## What the task requires:
Using the entries below, quote exactly the span of lines that begins with the line containing "Convert chart to" and ends with the final line.

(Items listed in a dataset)
++++++++++

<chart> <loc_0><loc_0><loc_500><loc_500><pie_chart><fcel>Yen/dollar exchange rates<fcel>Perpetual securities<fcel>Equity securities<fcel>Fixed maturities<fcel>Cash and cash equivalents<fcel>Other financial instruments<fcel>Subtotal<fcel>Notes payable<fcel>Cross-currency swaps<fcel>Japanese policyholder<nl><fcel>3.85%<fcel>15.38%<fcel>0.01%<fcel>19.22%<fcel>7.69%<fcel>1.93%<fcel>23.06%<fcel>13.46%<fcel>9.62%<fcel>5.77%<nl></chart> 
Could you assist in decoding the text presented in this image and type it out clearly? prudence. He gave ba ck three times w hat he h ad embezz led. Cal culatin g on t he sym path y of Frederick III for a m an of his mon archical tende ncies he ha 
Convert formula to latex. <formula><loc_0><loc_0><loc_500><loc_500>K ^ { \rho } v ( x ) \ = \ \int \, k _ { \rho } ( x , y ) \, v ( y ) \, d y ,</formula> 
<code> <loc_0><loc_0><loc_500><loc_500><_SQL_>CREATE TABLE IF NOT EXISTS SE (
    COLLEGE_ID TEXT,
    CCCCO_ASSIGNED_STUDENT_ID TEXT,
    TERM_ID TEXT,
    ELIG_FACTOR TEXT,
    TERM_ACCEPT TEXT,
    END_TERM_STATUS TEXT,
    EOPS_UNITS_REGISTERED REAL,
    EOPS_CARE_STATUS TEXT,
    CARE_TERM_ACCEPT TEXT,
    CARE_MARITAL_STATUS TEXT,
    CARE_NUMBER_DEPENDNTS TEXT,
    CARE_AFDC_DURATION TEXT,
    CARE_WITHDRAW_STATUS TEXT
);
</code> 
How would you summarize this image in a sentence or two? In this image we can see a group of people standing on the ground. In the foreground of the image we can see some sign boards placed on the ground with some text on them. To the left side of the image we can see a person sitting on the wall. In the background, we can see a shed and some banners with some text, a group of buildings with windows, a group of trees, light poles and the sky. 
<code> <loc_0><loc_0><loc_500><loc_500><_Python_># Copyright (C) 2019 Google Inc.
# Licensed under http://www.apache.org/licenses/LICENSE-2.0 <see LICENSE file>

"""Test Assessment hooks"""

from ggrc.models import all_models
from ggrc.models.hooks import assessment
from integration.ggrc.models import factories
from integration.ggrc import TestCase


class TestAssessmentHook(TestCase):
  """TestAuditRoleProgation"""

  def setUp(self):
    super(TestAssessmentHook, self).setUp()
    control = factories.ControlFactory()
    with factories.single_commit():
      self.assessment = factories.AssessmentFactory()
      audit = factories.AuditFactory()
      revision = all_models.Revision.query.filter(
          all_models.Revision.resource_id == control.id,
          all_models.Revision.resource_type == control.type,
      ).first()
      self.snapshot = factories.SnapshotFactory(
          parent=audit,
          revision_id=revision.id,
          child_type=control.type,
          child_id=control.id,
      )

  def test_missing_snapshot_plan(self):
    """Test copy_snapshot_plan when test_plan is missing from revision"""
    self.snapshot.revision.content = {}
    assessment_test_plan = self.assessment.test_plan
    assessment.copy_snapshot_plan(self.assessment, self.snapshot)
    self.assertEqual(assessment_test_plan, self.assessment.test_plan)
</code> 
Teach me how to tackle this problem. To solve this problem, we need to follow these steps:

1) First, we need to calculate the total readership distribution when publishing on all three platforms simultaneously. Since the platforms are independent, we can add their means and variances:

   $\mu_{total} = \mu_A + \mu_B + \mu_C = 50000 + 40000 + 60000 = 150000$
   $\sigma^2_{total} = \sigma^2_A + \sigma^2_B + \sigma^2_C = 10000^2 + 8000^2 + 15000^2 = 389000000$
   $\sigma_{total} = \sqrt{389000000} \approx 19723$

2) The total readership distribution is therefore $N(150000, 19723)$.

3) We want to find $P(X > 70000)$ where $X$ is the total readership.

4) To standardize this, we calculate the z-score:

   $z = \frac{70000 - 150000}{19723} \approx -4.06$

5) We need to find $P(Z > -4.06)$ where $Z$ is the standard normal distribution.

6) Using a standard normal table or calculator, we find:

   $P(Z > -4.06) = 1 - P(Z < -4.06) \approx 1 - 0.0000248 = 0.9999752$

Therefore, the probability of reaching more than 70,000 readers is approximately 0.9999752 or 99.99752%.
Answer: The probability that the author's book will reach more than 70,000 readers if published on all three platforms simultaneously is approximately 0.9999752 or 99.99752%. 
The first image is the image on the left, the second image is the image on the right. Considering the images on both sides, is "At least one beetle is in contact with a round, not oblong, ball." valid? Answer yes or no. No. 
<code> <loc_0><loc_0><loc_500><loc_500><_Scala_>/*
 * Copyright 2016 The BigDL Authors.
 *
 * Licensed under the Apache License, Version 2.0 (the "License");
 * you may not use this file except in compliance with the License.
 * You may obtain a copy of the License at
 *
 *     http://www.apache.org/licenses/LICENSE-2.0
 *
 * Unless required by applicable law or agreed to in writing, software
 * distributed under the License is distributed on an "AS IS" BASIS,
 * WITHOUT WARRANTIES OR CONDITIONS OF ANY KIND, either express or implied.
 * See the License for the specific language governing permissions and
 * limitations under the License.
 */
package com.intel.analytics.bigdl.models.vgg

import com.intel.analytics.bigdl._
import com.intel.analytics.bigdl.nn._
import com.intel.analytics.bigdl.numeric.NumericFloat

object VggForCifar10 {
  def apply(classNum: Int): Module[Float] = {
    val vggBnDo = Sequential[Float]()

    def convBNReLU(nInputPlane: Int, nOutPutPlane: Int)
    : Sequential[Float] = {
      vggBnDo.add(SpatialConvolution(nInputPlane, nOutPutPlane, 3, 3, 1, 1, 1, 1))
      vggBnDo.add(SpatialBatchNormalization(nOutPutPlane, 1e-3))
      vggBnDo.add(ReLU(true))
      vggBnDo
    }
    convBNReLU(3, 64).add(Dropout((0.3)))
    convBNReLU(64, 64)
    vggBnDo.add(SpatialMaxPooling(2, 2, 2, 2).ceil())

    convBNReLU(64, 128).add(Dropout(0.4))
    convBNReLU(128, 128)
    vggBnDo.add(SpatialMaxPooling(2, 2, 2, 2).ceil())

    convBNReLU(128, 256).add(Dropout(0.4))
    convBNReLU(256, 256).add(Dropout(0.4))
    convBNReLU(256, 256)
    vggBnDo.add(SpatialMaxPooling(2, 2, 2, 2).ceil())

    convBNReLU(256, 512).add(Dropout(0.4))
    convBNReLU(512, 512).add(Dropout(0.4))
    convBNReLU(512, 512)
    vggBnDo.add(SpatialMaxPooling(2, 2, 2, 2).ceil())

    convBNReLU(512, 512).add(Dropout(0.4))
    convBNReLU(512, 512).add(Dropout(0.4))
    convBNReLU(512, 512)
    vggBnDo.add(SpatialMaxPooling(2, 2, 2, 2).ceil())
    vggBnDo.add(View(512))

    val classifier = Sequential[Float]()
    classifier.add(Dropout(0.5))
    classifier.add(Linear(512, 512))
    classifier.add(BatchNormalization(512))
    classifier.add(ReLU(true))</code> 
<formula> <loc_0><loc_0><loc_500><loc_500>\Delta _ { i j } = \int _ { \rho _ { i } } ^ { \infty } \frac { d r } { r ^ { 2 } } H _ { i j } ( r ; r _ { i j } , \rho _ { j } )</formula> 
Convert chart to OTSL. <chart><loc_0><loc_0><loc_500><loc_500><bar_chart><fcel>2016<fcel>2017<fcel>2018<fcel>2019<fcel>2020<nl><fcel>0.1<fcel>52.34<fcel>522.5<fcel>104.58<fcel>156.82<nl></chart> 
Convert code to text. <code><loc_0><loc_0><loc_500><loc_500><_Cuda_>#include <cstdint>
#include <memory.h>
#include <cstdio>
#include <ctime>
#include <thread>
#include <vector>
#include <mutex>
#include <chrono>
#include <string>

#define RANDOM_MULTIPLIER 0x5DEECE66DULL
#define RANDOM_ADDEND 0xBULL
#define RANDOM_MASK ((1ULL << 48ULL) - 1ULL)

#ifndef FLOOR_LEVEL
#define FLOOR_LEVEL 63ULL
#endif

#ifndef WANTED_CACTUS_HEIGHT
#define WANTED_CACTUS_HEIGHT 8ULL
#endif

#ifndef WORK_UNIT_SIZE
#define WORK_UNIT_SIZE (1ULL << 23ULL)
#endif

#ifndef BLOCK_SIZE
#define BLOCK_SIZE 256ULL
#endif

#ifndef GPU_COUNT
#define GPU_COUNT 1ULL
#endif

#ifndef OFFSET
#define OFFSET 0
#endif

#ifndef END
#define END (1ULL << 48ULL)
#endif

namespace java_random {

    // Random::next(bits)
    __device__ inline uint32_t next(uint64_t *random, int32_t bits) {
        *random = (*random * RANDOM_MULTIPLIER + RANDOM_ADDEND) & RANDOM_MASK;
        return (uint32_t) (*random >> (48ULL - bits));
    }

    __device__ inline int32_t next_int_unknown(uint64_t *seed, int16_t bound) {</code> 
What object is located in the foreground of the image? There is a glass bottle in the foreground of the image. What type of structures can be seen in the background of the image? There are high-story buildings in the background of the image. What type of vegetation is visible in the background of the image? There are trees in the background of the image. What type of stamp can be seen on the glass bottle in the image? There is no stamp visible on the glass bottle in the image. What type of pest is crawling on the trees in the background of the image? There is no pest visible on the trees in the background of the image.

++++++++++

## Exercise answer:
Convert chart to OTSL. <chart><loc_0><loc_0><loc_500><loc_500><bar_chart><fcel>2016<fcel>2017<fcel>2018<fcel>2019<fcel>2020<nl><fcel>0.1<fcel>52.34<fcel>522.5<fcel>104.58<fcel>156.82<nl></chart> 
Convert code to text. <code><loc_0><loc_0><loc_500><loc_500><_Cuda_>#include <cstdint>
#include <memory.h>
#include <cstdio>
#include <ctime>
#include <thread>
#include <vector>
#include <mutex>
#include <chrono>
#include <string>

#define RANDOM_MULTIPLIER 0x5DEECE66DULL
#define RANDOM_ADDEND 0xBULL
#define RANDOM_MASK ((1ULL << 48ULL) - 1ULL)

#ifndef FLOOR_LEVEL
#define FLOOR_LEVEL 63ULL
#endif

#ifndef WANTED_CACTUS_HEIGHT
#define WANTED_CACTUS_HEIGHT 8ULL
#endif

#ifndef WORK_UNIT_SIZE
#define WORK_UNIT_SIZE (1ULL << 23ULL)
#endif

#ifndef BLOCK_SIZE
#define BLOCK_SIZE 256ULL
#endif

#ifndef GPU_COUNT
#define GPU_COUNT 1ULL
#endif

#ifndef OFFSET
#define OFFSET 0
#endif

#ifndef END
#define END (1ULL << 48ULL)
#endif

namespace java_random {

    // Random::next(bits)
    __device__ inline uint32_t next(uint64_t *random, int32_t bits) {
        *random = (*random * RANDOM_MULTIPLIER + RANDOM_ADDEND) & RANDOM_MASK;
        return (uint32_t) (*random >> (48ULL - bits));
    }

    __device__ inline int32_t next_int_unknown(uint64_t *seed, int16_t bound) {</code> 
What object is located in the foreground of the image? There is a glass bottle in the foreground of the image. What type of structures can be seen in the background of the image? There are high-story buildings in the background of the image. What type of vegetation is visible in the background of the image? There are trees in the background of the image. What type of stamp can be seen on the glass bottle in the image? There is no stamp visible on the glass bottle in the image. What type of pest is crawling on the trees in the background of the image? There is no pest visible on the trees in the background of the image.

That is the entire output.